The peculiar and moving story of a Congolese boy's coming-of-age amid the political strife of postcolonial Congo
"It is even said-but I admit that it's difficult to believe, even though I got this from my uncle-that when Papa was born, you couldn't follow the World Cup or the Olympics live and that Coca-Cola had yet to spread the selling of soft drinks to our village. Michael Jackson had yet to become famous . . . If all this was really true, I wonder how men managed to fill up the twenty-four hours of the day, three hundred sixty-five days a year."

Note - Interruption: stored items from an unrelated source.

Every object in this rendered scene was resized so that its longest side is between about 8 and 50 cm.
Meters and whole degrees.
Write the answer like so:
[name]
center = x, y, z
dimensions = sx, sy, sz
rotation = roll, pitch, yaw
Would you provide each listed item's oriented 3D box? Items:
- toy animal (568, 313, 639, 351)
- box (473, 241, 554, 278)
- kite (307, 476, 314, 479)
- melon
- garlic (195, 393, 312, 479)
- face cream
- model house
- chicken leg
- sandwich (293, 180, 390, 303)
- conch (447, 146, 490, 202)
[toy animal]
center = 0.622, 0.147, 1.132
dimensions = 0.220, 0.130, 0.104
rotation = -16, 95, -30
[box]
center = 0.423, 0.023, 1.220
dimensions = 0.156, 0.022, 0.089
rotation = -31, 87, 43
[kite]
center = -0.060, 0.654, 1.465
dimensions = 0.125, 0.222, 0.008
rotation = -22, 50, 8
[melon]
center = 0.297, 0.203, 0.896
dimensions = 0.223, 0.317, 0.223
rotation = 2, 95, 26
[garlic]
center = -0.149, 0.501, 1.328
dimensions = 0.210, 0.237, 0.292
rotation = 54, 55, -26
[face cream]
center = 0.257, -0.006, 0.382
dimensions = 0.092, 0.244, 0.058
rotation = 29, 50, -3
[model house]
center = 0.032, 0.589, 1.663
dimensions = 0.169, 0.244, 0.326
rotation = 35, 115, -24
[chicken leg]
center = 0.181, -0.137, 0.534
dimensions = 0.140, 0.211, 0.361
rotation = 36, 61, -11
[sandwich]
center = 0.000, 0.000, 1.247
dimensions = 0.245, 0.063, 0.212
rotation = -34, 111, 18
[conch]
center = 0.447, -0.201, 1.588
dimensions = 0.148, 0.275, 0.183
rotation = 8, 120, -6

His nickname is Matapari, which means "trouble." He is an African child of the '90s-brilliant, mischievous, postcolonial, postmodern-caught in the crossfire of a chaotically liberated African country. Matapari grows up in a world of talking drums, the Internet, and satellite TV, a world of dictators who remake themselves as democrats overnight. His uncle is a stooge for the dictator; his father is a scholarly recluse obsessed with proving that blacks played key roles in Western history. Matapari is a young man in the middle-but the shrewdness and wit with which he tells his often riotously funny story set him apart from his relatives and countrymen. Emmanuel Dongala uses the ingenious viewpoint of a child to show up the telltale world of adults-and to show how one preserves one's independence in a corrupt and violent society.